Fear Her in the Post-Moffat Era

(I won't use spoilers for The Pandorica Opens/The Big Bang in deference to my North American brothers and sisters, so proceed with confidence.)I was revisiting the much maligned Fear Her from Doctor Who's second series for other projects, and it struck me that is was due for reevaluation. A lot of fans consider this episode the very worst New Who ever offered, and while I wouldn't go that far (there are some strong bits featuring the regulars), I'll agree that it'll probably never be anyone's favorite. But why does it garner so much vitriol when it's basically a fairy tale in the style of Moffat's most celebrated stories?

Because it really isn't.

Moffat's fairy tales work for a very specific reason. Though some of the trapping are "magical" and "nonsense", he always tells you the rules well before you get to the climax. The Weeping Angels, for example, are a crazy idea, but you accept them because we're told the rules early on, and those rules are never broken. The stories are internally consistent even if they might seem atypical of Doctor Who at large. With Moffat, reveals aren't "ah-HA, you didn't know that...!" but rather "remember when we said this, well, ah-HA!" Everything is earned because it's been embedded earlier in the story. Even the things you don't at first buy make sense by the end.
Not so Fear Her. On the surface, it could be a Moffat story. We have a lonely little girl possessed by a lonely little alien who literally captures on paper anyone she draws. It's a storybook idea. It's a fairy tale. Why doesn't it work as well as, say, The Girl in the Fireplace? And the answer is that it's not internally consistent. It breaks what few rules it actually establishes.

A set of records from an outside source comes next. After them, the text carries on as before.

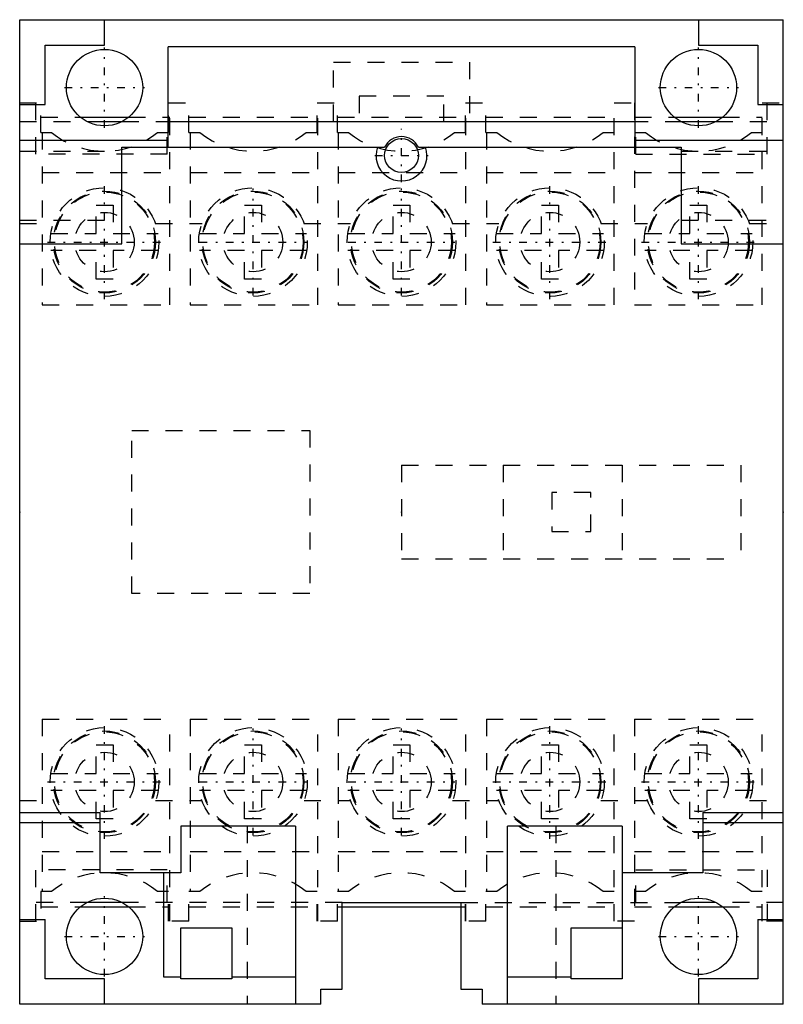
# Model space of a CAD drawing. Extents: x -45 to 0, y -29 to 29.
import ezdxf

# ---------------------------------------------------------------- set-up
doc = ezdxf.new("R2010")
doc.units = 0
doc.linetypes.add('CENTER', pattern=[1.5, 0.45, -0.5, 0.05, -0.5])
doc.linetypes.add('DASHED', pattern=[2, 1, -1])
for name, color, linetype in [('AM_0', 7, 'CONTINUOUS'), ('AM_3', 7, 'DASHED'), ('AM_7', 7, 'CENTER'), ('CONNECTIONPOINTS', 1, 'CONTINUOUS')]:
    doc.layers.add(name, color=color, linetype=linetype)

msp = doc.modelspace()

# ---------------------------------------------------------------- linework, layer by layer
at = {"layer": 'AM_0', "color": 7, "linetype": 'CONTINUOUS'}
for p, q in [((-45, -29), (-45, 29)), ((-45, 29), (0, 29)), ((-40, 27.5), (-40, 29)), ((-5, 29), (-5, 27.5)), ((0, -29), (0, 29)), ((-43.5, 27.5), (-40, 27.5)), ((-43.5, 24), (-43.5, 27.5)), ((-36.25, 21.5), (-36.25, 27.4)), ((-8.75, 27.4), (-36.25, 27.4)), ((-8.75, 27.4), (-8.75, 21.5)), ((-5, 27.5), (-1.5, 27.5)), ((-1.5, 27.5), (-1.5, 24)), ((-45, 24), (-43.5, 24)), ((-1.5, 24), (0, 24)), ((-41.414, 23.25), (-38.586, 23.25)), ((-6.414, 23.25), (-3.586, 23.25)), ((-41.031, 23), (-38.969, 23)), ((-36.25, 23), (-8.75, 23)), ((-6.031, 23), (-3.969, 23)), ((-45, 21.9), (-36.25, 21.9)), ((-38.99, 15.8), (-38.99, 21.5)), ((-38.99, 21.5), (-23.492, 21.5)), ((-21.508, 21.5), (-6.01, 21.5)), ((-8.75, 21.9), (0, 21.9)), ((-6.01, 21.5), (-6.01, 15.8)), ((-45, 15.8), (-38.99, 15.8)), ((-6.01, 15.8), (0, 15.8)), ((-45, -17.7), (-40.25, -17.7)), ((-40.25, -21.258), (-40.25, -17.7)), ((-4.75, -17.7), (-4.75, -21.258)), ((-4.75, -17.7), (0, -17.7)), ((-45, -18.3), (-40.25, -18.3)), ((-35.5, -18.5), (-35.5, -21.258)), ((-28.75, -18.5), (-35.5, -18.5)), ((-28.75, -18.5), (-28.75, -29)), ((-16.25, -29), (-16.25, -18.5)), ((-9.5, -18.5), (-16.25, -18.5)), ((-9.5, -18.5), (-9.5, -27.5)), ((-4.75, -18.3), (0, -18.3)), ((-35.5, -21.258), (-40.25, -21.258)), ((-36.5, -27.4), (-36.5, -21.258)), ((-4.75, -21.258), (-9.5, -21.258)), ((-38.969, -23), (-41.031, -23)), ((-26, -23), (-19, -23)), ((-26, -28.1), (-26, -23)), ((-19, -23), (-19, -28.1)), ((-3.969, -23), (-6.031, -23)), ((-41.414, -23.25), (-38.586, -23.25)), ((-26, -23.25), (-19, -23.25)), ((-6.414, -23.25), (-3.586, -23.25)), ((-45, -24), (-43.5, -24)), ((-43.5, -27.5), (-43.5, -24)), ((-1.5, -24), (0, -24)), ((-1.5, -24), (-1.5, -27.5)), ((-35.5, -27.5), (-35.5, -24.5)), ((-35.5, -24.5), (-32.5, -24.5)), ((-32.5, -24.5), (-32.5, -27.5)), ((-12.5, -24.5), (-9.5, -24.5)), ((-12.5, -27.5), (-12.5, -24.5)), ((-40, -27.5), (-43.5, -27.5)), ((-40, -29), (-40, -27.5)), ((-35.5, -27.4), (-36.5, -27.4)), ((-32.5, -27.5), (-35.5, -27.5)), ((-28.75, -27.4), (-32.5, -27.4)), ((-12.5, -27.4), (-16.25, -27.4)), ((-9.5, -27.5), (-12.5, -27.5)), ((-1.5, -27.5), (-5, -27.5)), ((-5, -27.5), (-5, -29)), ((-27.25, -28.1), (-26, -28.1)), ((-27.25, -29), (-27.25, -28.1)), ((-19, -28.1), (-17.75, -28.1)), ((-17.75, -28.1), (-17.75, -29)), ((-27.25, -29), (-45, -29)), ((0, -29), (-17.75, -29))]:
    msp.add_line(p, q, dxfattribs=at)
for centre, radius in [((-40, 25), 2.25), ((-5, 25), 2.25), ((-22.5, 21), 1), ((-40, -25), 2.25), ((-5, -25), 2.25)]:
    msp.add_circle(centre, radius, dxfattribs=at)
for radius, start, end in [(1.111, 26.74368, 153.25632), (1.5, 160.52878, 19.47122)]:
    msp.add_arc((-22.5, 21), radius, start, end, dxfattribs=at)
at = {"layer": 'AM_3', "color": 6, "linetype": 'DASHED'}
for p, q in [((-26.5, 23), (-26.5, 26.5)), ((-26.5, 26.5), (-18.5, 26.5)), ((-18.5, 26.5), (-18.5, 23)), ((-20, 24.5), (-25, 24.5)), ((-25, 24.5), (-25, 23)), ((-20, 23), (-20, 24.5)), ((-45, 24.1), (-43.75, 24.1)), ((-44.05, 21.075), (-44.05, 24.1)), ((-43.75, 22.35), (-43.75, 24.1)), ((-36.225, 24.1), (-35.025, 24.1)), ((-36.225, 22.35), (-36.225, 24.1)), ((-36.15, 12.2), (-36.15, 24.1)), ((-35.025, 22.35), (-35.025, 24.1)), ((-27.475, 24.1), (-26.275, 24.1)), ((-27.475, 22.35), (-27.475, 24.1)), ((-27.425, 12.2), (-27.425, 24.1)), ((-26.275, 22.35), (-26.275, 24.1)), ((-18.725, 24.1), (-17.525, 24.1)), ((-18.725, 22.35), (-18.725, 24.1)), ((-18.7, 12.2), (-18.7, 24.1)), ((-17.525, 22.35), (-17.525, 24.1)), ((-9.975, 24.1), (-8.775, 24.1)), ((-9.975, 12.2), (-9.975, 24.1)), ((-8.775, 24.1), (-8.775, 12.2)), ((-1.25, 24.1), (0, 24.1)), ((-1.25, 12.2), (-1.25, 24.1)), ((-0.95, 21.075), (-0.95, 24.1)), ((-43.75, 23.25), (-41.414, 23.25)), ((-38.586, 23.25), (-36.15, 23.25)), ((-35.025, 23.25), (-27.425, 23.25)), ((-26.275, 23.25), (-18.7, 23.25)), ((-17.525, 23.25), (-9.975, 23.25)), ((-8.775, 23.25), (-6.414, 23.25)), ((-3.586, 23.25), (-1.25, 23.25)), ((-45, 23), (-41.031, 23)), ((-38.969, 23), (-6.031, 23)), ((-36.3, 21.075), (-36.3, 23)), ((-8.7, 21.075), (-8.7, 23)), ((-3.969, 23), (0, 23)), ((-43.75, 22.35), (-43.129, 22.35)), ((-43.675, 22.35), (-43.675, 12.2)), ((-36.871, 22.35), (-36.225, 22.35)), ((-35.025, 22.35), (-34.379, 22.35)), ((-34.95, 22.35), (-34.95, 12.2)), ((-28.121, 22.35), (-27.475, 22.35)), ((-26.275, 22.35), (-25.629, 22.35)), ((-26.225, 22.35), (-26.225, 12.2)), ((-19.371, 22.35), (-18.725, 22.35)), ((-17.525, 22.35), (-16.879, 22.35)), ((-17.5, 22.35), (-17.5, 12.2)), ((-10.621, 22.35), (-9.975, 22.35)), ((-8.775, 22.35), (-8.129, 22.35)), ((-1.871, 22.35), (-1.25, 22.35)), ((-45, 21.25), (-38.99, 21.25)), ((-36.3, 21.075), (-44.05, 21.075)), ((-8.7, 21.075), (-0.95, 21.075)), ((-6.01, 21.25), (0, 21.25)), ((-43.675, 20), (-36.15, 20)), ((-34.95, 20), (-27.425, 20)), ((-26.225, 20), (-18.7, 20)), ((-17.5, 20), (-9.975, 20)), ((-8.775, 20), (-1.25, 20)), ((-40.5, 18.075), (-39.5, 18.075)), ((-40.5, 16.4), (-40.5, 18.075)), ((-39.5, 18.075), (-39.5, 16.4)), ((-31.75, 18.075), (-30.75, 18.075)), ((-31.75, 16.4), (-31.75, 18.075)), ((-30.75, 18.075), (-30.75, 16.4)), ((-23, 18.075), (-22, 18.075)), ((-23, 16.4), (-23, 18.075)), ((-22, 18.075), (-22, 16.4)), ((-14.25, 18.075), (-13.25, 18.075)), ((-14.25, 16.4), (-14.25, 18.075)), ((-13.25, 18.075), (-13.25, 16.4)), ((-5.5, 18.075), (-4.5, 18.075)), ((-5.5, 16.4), (-5.5, 18.075)), ((-4.5, 18.075), (-4.5, 16.4)), ((-45, 17.2), (-38.99, 17.2)), ((-45, 17), (-43.005, 17)), ((-36.995, 17), (-34.255, 17)), ((-28.245, 17), (-25.505, 17)), ((-19.495, 17), (-16.755, 17)), ((-10.745, 17), (-8.005, 17)), ((-6.01, 17.2), (0, 17.2)), ((-1.995, 17), (0, 17)), ((-43.161, 16.4), (-40.5, 16.4)), ((-39.5, 16.4), (-36.839, 16.4)), ((-34.411, 16.4), (-31.75, 16.4)), ((-30.75, 16.4), (-28.089, 16.4)), ((-25.661, 16.4), (-23, 16.4)), ((-22, 16.4), (-19.339, 16.4)), ((-16.911, 16.4), (-14.25, 16.4)), ((-13.25, 16.4), (-10.589, 16.4)), ((-8.161, 16.4), (-5.5, 16.4)), ((-4.5, 16.4), (-1.839, 16.4)), ((-40.5, 15.4), (-43.161, 15.4)), ((-40.5, 13.725), (-40.5, 15.4)), ((-39.5, 15.4), (-39.5, 13.725)), ((-36.839, 15.4), (-39.5, 15.4)), ((-31.75, 15.4), (-34.411, 15.4)), ((-31.75, 13.725), (-31.75, 15.4)), ((-30.75, 15.4), (-30.75, 13.725)), ((-28.089, 15.4), (-30.75, 15.4)), ((-23, 15.4), (-25.661, 15.4)), ((-23, 13.725), (-23, 15.4)), ((-22, 15.4), (-22, 13.725)), ((-19.339, 15.4), (-22, 15.4)), ((-14.25, 15.4), (-16.911, 15.4)), ((-14.25, 13.725), (-14.25, 15.4)), ((-13.25, 15.4), (-13.25, 13.725)), ((-10.589, 15.4), (-13.25, 15.4)), ((-5.5, 15.4), (-8.161, 15.4)), ((-5.5, 13.725), (-5.5, 15.4)), ((-4.5, 15.4), (-4.5, 13.725)), ((-1.839, 15.4), (-4.5, 15.4)), ((-39.5, 13.725), (-40.5, 13.725)), ((-30.75, 13.725), (-31.75, 13.725)), ((-22, 13.725), (-23, 13.725)), ((-13.25, 13.725), (-14.25, 13.725)), ((-4.5, 13.725), (-5.5, 13.725)), ((-43.675, 12.2), (-36.15, 12.2)), ((-34.95, 12.2), (-27.425, 12.2)), ((-26.225, 12.2), (-18.7, 12.2)), ((-17.5, 12.2), (-9.975, 12.2)), ((-8.775, 12.2), (-1.25, 12.2)), ((-38.4, 4.8), (-27.9, 4.8)), ((-38.4, -4.8), (-38.4, 4.8)), ((-27.9, 4.8), (-27.9, -4.8)), ((-22.5, 2.75), (-2.5, 2.75)), ((-22.5, 2.75), (-22.5, -2.75)), ((-16.5, 2.75), (-16.5, -2.75)), ((-9.5, 2.75), (-9.5, -2.75)), ((-2.5, 2.75), (-2.5, -2.75)), ((-11.35, 1.15), (-13.65, 1.15)), ((-13.65, 1.15), (-13.65, -1.15)), ((-11.35, -1.15), (-11.35, 1.15)), ((-13.65, -1.15), (-11.35, -1.15)), ((-22.5, -2.75), (-2.5, -2.75)), ((-27.9, -4.8), (-38.4, -4.8)), ((-43.675, -12.2), (-43.675, -22.35)), ((-43.675, -12.2), (-36.15, -12.2)), ((-36.15, -24.1), (-36.15, -12.2)), ((-34.95, -12.2), (-27.425, -12.2)), ((-34.95, -12.2), (-34.95, -22.35)), ((-27.425, -24.1), (-27.425, -12.2)), ((-26.225, -12.2), (-18.7, -12.2)), ((-26.225, -12.2), (-26.225, -22.35)), ((-18.7, -24.1), (-18.7, -12.2)), ((-17.5, -12.2), (-9.975, -12.2)), ((-17.5, -12.2), (-17.5, -22.35)), ((-9.975, -24.1), (-9.975, -12.2)), ((-8.775, -12.2), (-1.25, -12.2)), ((-8.775, -12.2), (-8.775, -24.1)), ((-1.25, -24.1), (-1.25, -12.2)), ((-40.5, -13.725), (-39.5, -13.725)), ((-40.5, -15.4), (-40.5, -13.725)), ((-39.5, -13.725), (-39.5, -15.4)), ((-31.75, -13.725), (-30.75, -13.725)), ((-31.75, -15.4), (-31.75, -13.725)), ((-30.75, -13.725), (-30.75, -15.4)), ((-23, -13.725), (-22, -13.725)), ((-23, -15.4), (-23, -13.725)), ((-22, -13.725), (-22, -15.4)), ((-14.25, -13.725), (-13.25, -13.725)), ((-14.25, -15.4), (-14.25, -13.725)), ((-13.25, -13.725), (-13.25, -15.4)), ((-5.5, -13.725), (-4.5, -13.725)), ((-5.5, -15.4), (-5.5, -13.725)), ((-4.5, -13.725), (-4.5, -15.4)), ((-43.161, -15.4), (-40.5, -15.4)), ((-39.5, -15.4), (-36.839, -15.4)), ((-34.411, -15.4), (-31.75, -15.4)), ((-30.75, -15.4), (-28.089, -15.4)), ((-25.661, -15.4), (-23, -15.4)), ((-22, -15.4), (-19.339, -15.4)), ((-16.911, -15.4), (-14.25, -15.4)), ((-13.25, -15.4), (-10.589, -15.4)), ((-8.161, -15.4), (-5.5, -15.4)), ((-4.5, -15.4), (-1.839, -15.4)), ((-40.5, -16.4), (-43.161, -16.4)), ((-40.5, -18.075), (-40.5, -16.4)), ((-39.5, -16.4), (-39.5, -18.075)), ((-36.839, -16.4), (-39.5, -16.4)), ((-31.75, -16.4), (-34.411, -16.4)), ((-31.75, -18.075), (-31.75, -16.4)), ((-30.75, -16.4), (-30.75, -18.075)), ((-28.089, -16.4), (-30.75, -16.4)), ((-23, -16.4), (-25.661, -16.4)), ((-23, -18.075), (-23, -16.4)), ((-22, -16.4), (-22, -18.075)), ((-19.339, -16.4), (-22, -16.4)), ((-14.25, -16.4), (-16.911, -16.4)), ((-14.25, -18.075), (-14.25, -16.4)), ((-13.25, -16.4), (-13.25, -18.075)), ((-10.589, -16.4), (-13.25, -16.4)), ((-5.5, -16.4), (-8.161, -16.4)), ((-5.5, -18.075), (-5.5, -16.4)), ((-4.5, -16.4), (-4.5, -18.075)), ((-1.839, -16.4), (-4.5, -16.4)), ((-45, -17), (-43.005, -17)), ((-36.995, -17), (-34.255, -17)), ((-28.245, -17), (-25.505, -17)), ((-19.495, -17), (-16.755, -17)), ((-10.745, -17), (-8.005, -17)), ((-1.995, -17), (0, -17)), ((-39.5, -18.075), (-40.5, -18.075)), ((-30.75, -18.075), (-31.75, -18.075)), ((-31.6, -18.5), (-31.6, -29)), ((-22, -18.075), (-23, -18.075)), ((-13.25, -18.075), (-14.25, -18.075)), ((-13.4, -18.5), (-13.4, -29)), ((-4.5, -18.075), (-5.5, -18.075)), ((-43.675, -20), (-36.15, -20)), ((-34.95, -20), (-27.425, -20)), ((-26.225, -20), (-18.7, -20)), ((-17.5, -20), (-9.975, -20)), ((-8.775, -20), (-1.25, -20)), ((-44.05, -24.1), (-44.05, -21.075)), ((-36.3, -21.075), (-44.05, -21.075)), ((-36.3, -23), (-36.3, -21.075)), ((-8.7, -23), (-8.7, -21.075)), ((-8.7, -21.075), (-0.95, -21.075)), ((-0.95, -21.075), (-0.95, -24.1)), ((-43.129, -22.35), (-43.75, -22.35)), ((-43.75, -22.35), (-43.75, -24.1)), ((-36.225, -22.35), (-36.871, -22.35)), ((-36.225, -24.1), (-36.225, -22.35)), ((-35.025, -24.1), (-35.025, -22.35)), ((-34.379, -22.35), (-35.025, -22.35)), ((-27.475, -22.35), (-28.121, -22.35)), ((-27.475, -24.1), (-27.475, -22.35)), ((-26.275, -24.1), (-26.275, -22.35)), ((-25.629, -22.35), (-26.275, -22.35)), ((-18.725, -22.35), (-19.371, -22.35)), ((-18.725, -24.1), (-18.725, -22.35)), ((-17.525, -24.1), (-17.525, -22.35)), ((-16.879, -22.35), (-17.525, -22.35)), ((-9.975, -22.35), (-10.621, -22.35)), ((-8.129, -22.35), (-8.775, -22.35)), ((-1.25, -22.35), (-1.871, -22.35)), ((-41.031, -23), (-45, -23)), ((-26, -23), (-38.969, -23)), ((-19, -23), (-6.031, -23)), ((0, -23), (-3.969, -23)), ((-43.75, -23.25), (-41.414, -23.25)), ((-38.586, -23.25), (-36.15, -23.25)), ((-35.025, -23.25), (-27.425, -23.25)), ((-26.275, -23.25), (-26, -23.25)), ((-19, -23.25), (-18.7, -23.25)), ((-17.525, -23.25), (-9.975, -23.25)), ((-8.775, -23.25), (-6.414, -23.25)), ((-3.586, -23.25), (-1.25, -23.25)), ((-45, -24.1), (-43.75, -24.1)), ((-35.025, -24.1), (-36.225, -24.1)), ((-26.275, -24.1), (-27.475, -24.1)), ((-17.525, -24.1), (-18.725, -24.1)), ((-8.775, -24.1), (-9.975, -24.1)), ((0, -24.1), (-1.25, -24.1))]:
    msp.add_line(p, q, dxfattribs=at)
for centre, radius in [((-40, 15.9), 3.2), ((-40, 15.9), 3), ((-40, 15.9), 2.949), ((-31.25, 15.9), 3.2), ((-31.25, 15.9), 3), ((-31.25, 15.9), 2.949), ((-22.5, 15.9), 3.2), ((-22.5, 15.9), 3), ((-22.5, 15.9), 2.949), ((-13.75, 15.9), 3.2), ((-13.75, 15.9), 3), ((-13.75, 15.9), 2.949), ((-5, 15.9), 3.2), ((-5, 15.9), 3), ((-5, 15.9), 2.949), ((-40, 15.9), 1.75), ((-31.25, 15.9), 1.75), ((-22.5, 15.9), 1.75), ((-13.75, 15.9), 1.75), ((-5, 15.9), 1.75), ((-40, -15.9), 3.2), ((-31.25, -15.9), 3.2), ((-22.5, -15.9), 3.2), ((-13.75, -15.9), 3.2), ((-5, -15.9), 3.2), ((-40, -15.9), 3), ((-40, -15.9), 2.949), ((-31.25, -15.9), 3), ((-31.25, -15.9), 2.949), ((-22.5, -15.9), 3), ((-22.5, -15.9), 2.949), ((-13.75, -15.9), 3), ((-13.75, -15.9), 2.949), ((-5, -15.9), 3), ((-5, -15.9), 2.949), ((-40, -15.9), 1.75), ((-31.25, -15.9), 1.75), ((-22.5, -15.9), 1.75), ((-13.75, -15.9), 1.75), ((-5, -15.9), 1.75)]:
    msp.add_circle(centre, radius, dxfattribs=at)
for centre, start, end in [((-40, 26.25), 231.26058, 308.73942), ((-31.25, 26.25), 231.26058, 308.73942), ((-22.5, 26.25), 231.26058, 308.73942), ((-13.75, 26.25), 231.26058, 308.73942), ((-5, 26.25), 231.26058, 308.73942), ((-40, -26.25), 51.26058, 128.73942), ((-31.25, -26.25), 51.26058, 128.73942), ((-22.5, -26.25), 51.26058, 128.73942), ((-13.75, -26.25), 51.26058, 128.73942), ((-5, -26.25), 51.26058, 128.73942)]:
    msp.add_arc(centre, 5, start, end, dxfattribs=at)
at = {"layer": 'AM_7', "color": 4, "linetype": 'CENTER'}
for p, q in [((-40, 22.637), (-40, 27.363)), ((-5, 22.637), (-5, 27.363)), ((-42.362, 25), (-37.638, 25)), ((-7.363, 25), (-2.638, 25)), ((-22.5, 19.425), (-22.5, 22.575)), ((-24.075, 21), (-20.925, 21)), ((-40, 12.54), (-40, 19.26)), ((-13.75, 12.54), (-13.75, 19.26)), ((-5, 12.54), (-5, 19.26)), ((-31.25, 12.75), (-31.25, 19.05)), ((-22.5, 12.75), (-22.5, 19.05)), ((-43.36, 15.9), (-36.64, 15.9)), ((-34.4, 15.9), (-28.1, 15.9)), ((-25.65, 15.9), (-19.35, 15.9)), ((-17.11, 15.9), (-10.39, 15.9)), ((-8.36, 15.9), (-1.64, 15.9)), ((-40, -19.26), (-40, -12.54)), ((-31.25, -19.05), (-31.25, -12.75)), ((-22.5, -19.05), (-22.5, -12.75)), ((-13.75, -19.26), (-13.75, -12.54)), ((-5, -19.26), (-5, -12.54)), ((-43.36, -15.9), (-36.64, -15.9)), ((-34.4, -15.9), (-28.1, -15.9)), ((-25.65, -15.9), (-19.35, -15.9)), ((-17.11, -15.9), (-10.39, -15.9)), ((-8.36, -15.9), (-1.64, -15.9)), ((-40, -27.363), (-40, -22.637)), ((-5, -27.363), (-5, -22.637)), ((-42.362, -25), (-37.638, -25)), ((-7.363, -25), (-2.638, -25))]:
    msp.add_line(p, q, dxfattribs=at)
at = {"layer": 'CONNECTIONPOINTS', "color": 1, "linetype": 'CONTINUOUS'}
for p in [(-45, 0, -46.5), (-22.5, 0, -46.5), (0, 0, -46.5)]:
    msp.add_point(p, dxfattribs=at)

doc.saveas('drawing.dxf')

Even given the fact that technobabble rules are far less effective than things like "don't blink, if you blink you're dead", Fear Her does give us rules we can understand. If Chloe draws something or someone, it is transported to an "ionic holding pen". The paper seems to act like a window to that pocket dimension and the characters can move within it (though there's a perception filter effect to it, it happens in the corner of your eye). The Isolus usually use this space as a sort of virtual reality to amuse themselves as their little pods coast on stellar heat and love. Chloe/Isolus can also draw something and allow it out of the VR world, like the scribble creature and Chloe's abusive dad. When the Isolus leaves, everything taken returns to the location where it was taken. But if those are the "rules"...

Why does Chloe imply the taken kids are all together, but also feels the need to draw a cat with Dale because he's lonely? If the Isolus draws its strength from love, why does it cut Chloe off from friends and family? How does the Doctor draw an Olympic torch on his piece of paper (as a clue, not as a sign that the torch had been taken)? When the Isolus leaves, why are the VR creatures let loose instead of returned to the pocket dimension or rendered harmless drawings? If the Isolus loved Chloe, why would it leave her such a parting gift? These are not "earned" because they come out of the blue (unlike the location of the pod, which is telegraphed to the point of making it a non-issue).
And they're not the only things that aren't earned. The torch bearer suddenly collapses for no reason. The Doctor apparently knew it was going to happen, because he's right there to pick it up even as the commentator ridiculously claims that the Olympic dream is... dead! Even the end that hopes to foreshadow the events of Doomsday ("there's a storm coming") comes out of nowhere. Just another magical revelation that isn't set up in the episode in the least. The story falls apart at a very basic level, but it's not because of the premise, it's because the writer didn't work out his premise thoroughly. Or so the Moffat stories have taught me.


Jeff R. said...

If "Fear Her" isn't the worst new who outing, then what is, though? The Season 3 Dalek stories?

Also, consistency isn't the whole of the story. After all, Moffat was able to get away with completely inverting the Angel-survival formula in Flesh And Stone, in a way that really made no sense at all...

Siskoid said...

Worst New Who episode is a debatable thing, but for me personally, it's Voyage of the Damned. Evolution of the Daleks is pretty close though.

As for Flesh and Stone, I'd have to watch it again to see just HOW Moffat gets away with it, as you say, but it did seem earned at the time.

Radagast said...

Thanks for not only clarifying what's wrong with Fear Her, but also what's right with the Moffat tales. I'll keep that in mind next time I feel the need to respond to criticism of his work (not that it should normally need defending).

Siskoid said...

It's Doctor Who fandom.

Divided and often absurdly spiteful. There are people who hated hated hated the best episodes Series 5.

That said, I'm happy to say I like every iteration of the Doctor. Not blind to their weaknesses, but Doctor Who is generally better than Not Doctor Who.